Ive very recently invited Harry to share our home.

He arrived very late Wednesday evening having spent 14 hours in a small cage in a large transit van (from the breeder)

I understand the process of rehoming older birds (he's two) takes lots and lots of time so we are spending lots and lots of time in the same room, talking, eating, working alongside him

He has settled in his cage well, plays with his fruit and veg but clearly has spent too much time eating seed.

When I was cleaning his yesterday he came out and sat on top for a long time, very relaxed with one foot tucked up, once he was hungry he went back in and I closed his cage door.

He is nervous of hands, will take food but will also endeavour to bite with an accompanying growl - not surprising given the trauma of the last few days and I hope this will go once he has become used to us and realises all is good.

However he does a weird begging thing - see video here:[ame=http://youtu.be/TrLk8WmKFAk]IMG 0280 - YouTube[/ame]

After which if allowed he will come out and sit on his cage, when you go near if he has his beak through the cage he will allow you to scratch it and doesn't attempt to nip. Can anyone tell me what it means and what I should do as a response. He does it a lot!

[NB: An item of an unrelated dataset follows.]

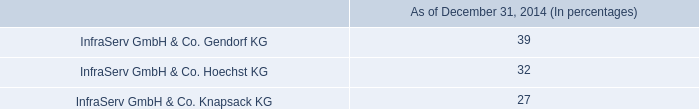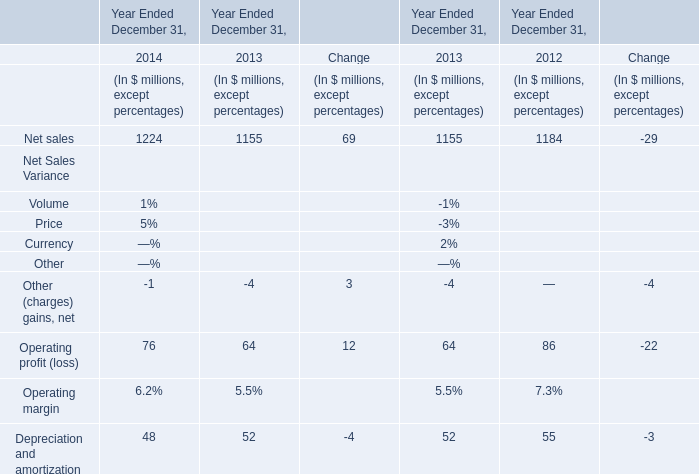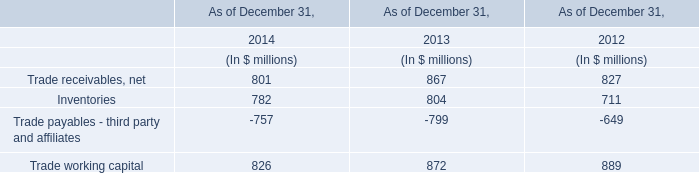Which year is Operating profit (loss) greater than 80? 
Answer: 2012.

Apart from this a few questions:

Re food - what UK brand of pellets should I try and get him on as he is very hooked on seed. Im offering loads of fruit and veg daily and I hope in time this will improve but worried about the interim period and the best diet to have him on.

He loves pomegranate - so we have one fruit he will take

How do we build up hand confidence, is it a case of treats regularly and often. He likes monkey nuts which I don't want to give him due to the dust risk but there doesn't seem to be anything else he responds as well to - any thoughts on what gets to a parrots foody heart!

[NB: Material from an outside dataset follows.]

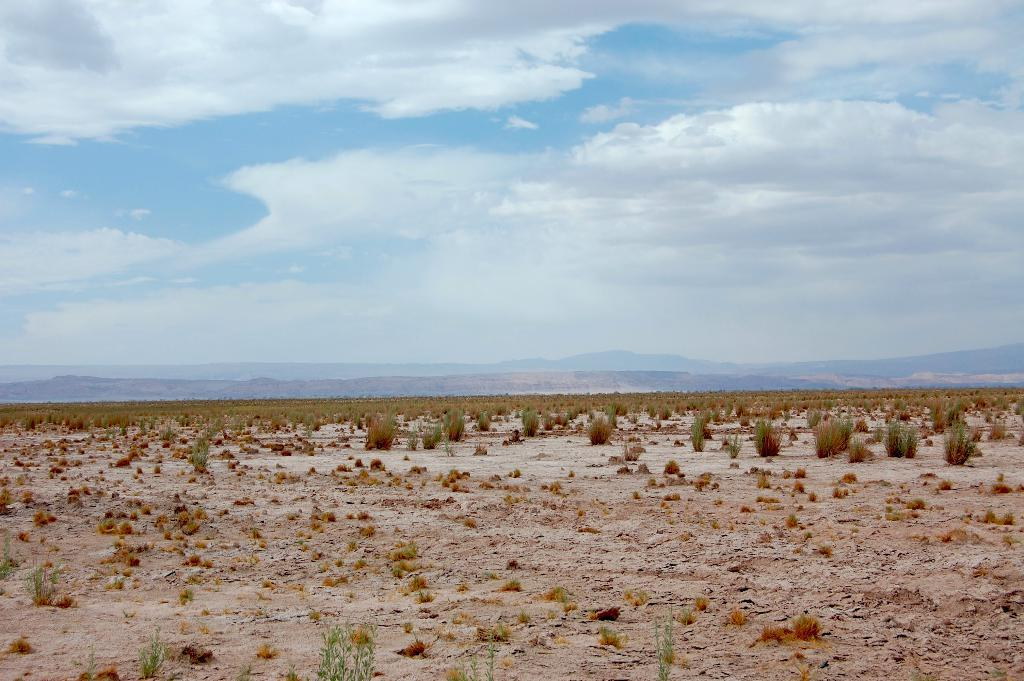What type of vegetation can be seen in the image? There are plants and grass visible in the image. What can be seen in the background of the image? Hills and a cloudy sky are visible in the background of the image. What type of steel structure can be seen in the image? There is no steel structure present in the image; it features plants, grass, hills, and a cloudy sky. How many snails are visible on the plants in the image? There are no snails visible on the plants in the image.

Although he clearly wants to come out - putting away is tricky when he is hand shy - how do we balance this with his need for exercise - he is also unclipped and a capable flyer!

I know time and patience is the key but I'm keen the time element doesn't get in the way of him having an engaging time in his cage (by not coming out) or that he ends up cage aggressive

That will do for now me thinks - thanks all
 
My Eclectus will eat almost everything fresh. Please check out the " land of Vos " website for all kinds of good information. I don't use a lot of pellets and the one I do use is Totally Organic Pellets.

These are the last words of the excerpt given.